Переводить лучше, чем эти горе-мастера, было элементарно. Куда трудней было бы под них подстроиться — начать переводить вровень с ними. Но и молча переводить лучше, чем они, представлялось мне нечестным — тем более что я, так или иначе, намеревался в рамках Союза писателей попасть в их среду. И я заговорил о том, что переводы ленинградских мастеров позорны и бездарны, — заговорил подробно, доказательно и красноречиво — из адвокатской семьи, как-никак, — публичный оратор, причем с прокурорским уклоном. Что же оставалось мастерам, как не провозгласить то же самое — да единым хором — уже про мои переводы и про меня? Я ведь и впрямь был в честности своей предельно, а может, и запредельно нагл.
Одна переводчица, в попытке возразить мне, посетовала на то, что в моей критике нет ничего конструктивного (тогда конструктивная критика была одним из лозунгов партии). «Мое конструктивное предложение заключается в том, что вам, Майя Залмановна, стоит оставить занятия поэтическим переводом», — отозвался я. Лет пятнадцать после этого она писала на меня во все инстанции. А будучи членом бюро секции, регулярно голосовала против моего приема в Союз. У меня хранится стенограмма одного обсуждения, в ходе которого та же Майя Залмановна восклицает: «Если принять Топорова в Союз, то моя деятельность и деятельность многих моих коллег потеряет всякий смысл!» Но вправе ли я обвинять ее — ведь она сказала сущую правду.

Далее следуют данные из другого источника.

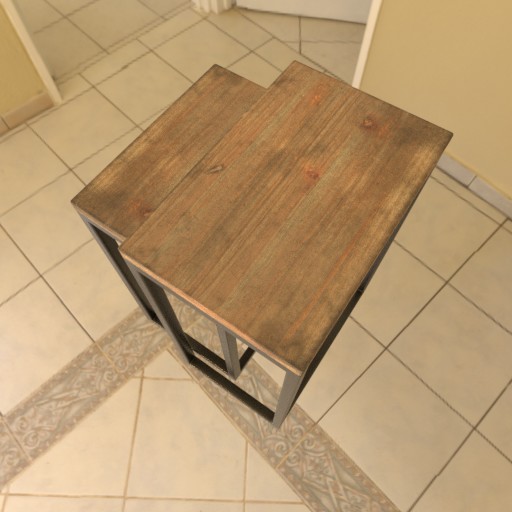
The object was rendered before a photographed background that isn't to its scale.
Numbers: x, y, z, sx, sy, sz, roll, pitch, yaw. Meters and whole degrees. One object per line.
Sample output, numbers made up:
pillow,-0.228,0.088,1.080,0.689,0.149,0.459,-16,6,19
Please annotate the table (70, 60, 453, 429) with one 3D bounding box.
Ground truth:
table,0.000,0.000,0.931,0.460,0.615,0.456,34,68,16
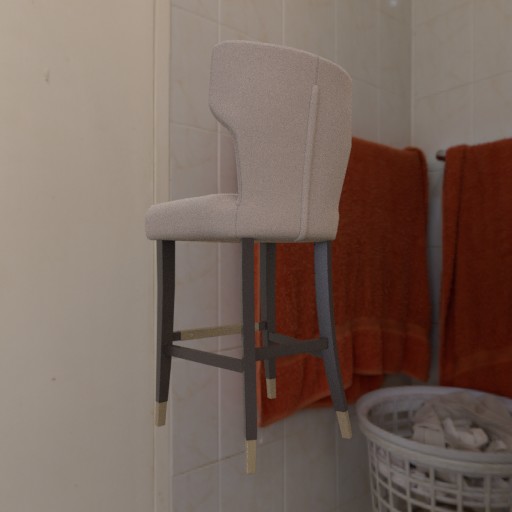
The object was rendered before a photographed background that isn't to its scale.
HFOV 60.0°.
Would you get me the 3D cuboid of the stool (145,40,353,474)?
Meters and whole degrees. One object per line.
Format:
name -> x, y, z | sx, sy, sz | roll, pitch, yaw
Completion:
stool -> 0.000, 0.000, 1.399 | 0.526, 1.092, 0.563 | 0, 0, -37
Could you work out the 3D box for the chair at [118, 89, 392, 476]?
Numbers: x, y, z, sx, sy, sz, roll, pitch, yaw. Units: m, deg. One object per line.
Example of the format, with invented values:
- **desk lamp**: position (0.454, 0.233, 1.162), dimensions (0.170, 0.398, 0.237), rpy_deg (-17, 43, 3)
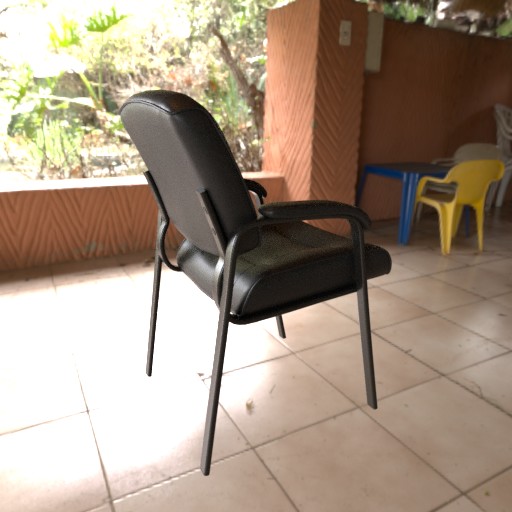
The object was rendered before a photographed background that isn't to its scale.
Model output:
- **chair**: position (0.000, 0.000, 1.316), dimensions (0.668, 0.910, 0.591), rpy_deg (-9, 20, -28)

В Москве дело обстояло все же иначе. Среди великого множества профессиональных и полупрофессиональных переводчиков там имелось немало одаренных людей. Они хорошо — лихо — рифмовали, они, будучи порой не слишком эрудированны, интуитивно схватывали смысл переводимого и умели донести его до читателя. Они были талантливы — и талантливость свою осознавали, а не имитировали групповым образом, как мои горемычные земляки.
С московскими переводчиками у меня за долгие годы складывались разнообразные отношения: с одними я дружил, с другими враждовал, с третьими мы друг друга недолюбливали; все это проходило разные этапы и фазы и — когда плавно, когда резко — перетекало одно в другое (естественно, сугубо творческие мотивы были при этом спутаны в общий клубок с житейскими), — но это были нормальные человеческие и творческие отношения нормальных людей. Более или менее нормальных людей, формулируя точнее. В Ленинграде же меня собирались принять в Союз писателей только через собственный труп, но умирать при этом не торопились.
Меня выживали. Из города, а лучше бы — из страны. По мере сил, хотя это как раз срабатывало не часто, — из редакций. Из профессиональной жизни. Из той жалкой профессиональной жизни, которую вели и в которой — без меня — им было так хорошо и уютно. В какой-то момент меня умудрились объявить сумасшедшим. Вот сценка 1989 года, когда я уже был членом секции и участвовал в ее собрании.
— Не слушайте Топорова, он сумасшедший, — произносит некая дама; а вместо характеристики и портрета приведу свою эпиграмму на нее — достоверную на все сто процентов:
— Как учит нас академик Бехтерева на примере Сталина, — возражает ей знаменитый переводчик и не менее знаменитый стукач, семидесятипятилетний на тот момент, помахивая свежим номером «Ленинградской правды», в котором и напечатана статья академика-мозговеда, — сумасшествие не избавляет от уголовной ответственности за содеянное!
Содеянное мной заключалось в том, что, едва вступив в Союз, я потребовал убрать из приемной комиссии главного своего ненавистника, интригана и клеветника. В результате мне вынесли общественное порицание, а его убрали — 1989 год, как-никак. На следующее утро мне позвонил первый секретарь Союза Анатолий Чепуров и, как всегда не столько говоря, сколько хрюкая, сообщил:
— Вчера мы вам вынесли порицание, верно? А сегодня мы решили дать вам квартиру! Зайдите за смотровой и ключами!
Провалив меня при поступлении в Союз впервые в 1977 году и — по новизне опыта — будучи еще не вполне уверены в собственной безнаказанности (а вдруг, мол, общественное мнение взбунтуется), мои коллеги поспешили заслать в московские редакции «шестерку» по фамилии Цывьян с такой информацией: Топорову отказали в приеме, потому что он, как известно, собирается уехать в Израиль. Об этом мне сообщил — по большому, как он выразился, секрету — милейший издательский болтун Олег Степанович. «Вы что-то перепутали, — сказал я ему. — По большому секрету это надо пересказывать всем остальным, а от меня — уж какие секреты? Уезжаю в Израиль, значит, уезжаю!» Олег Степанович пошел сплетничать дальше.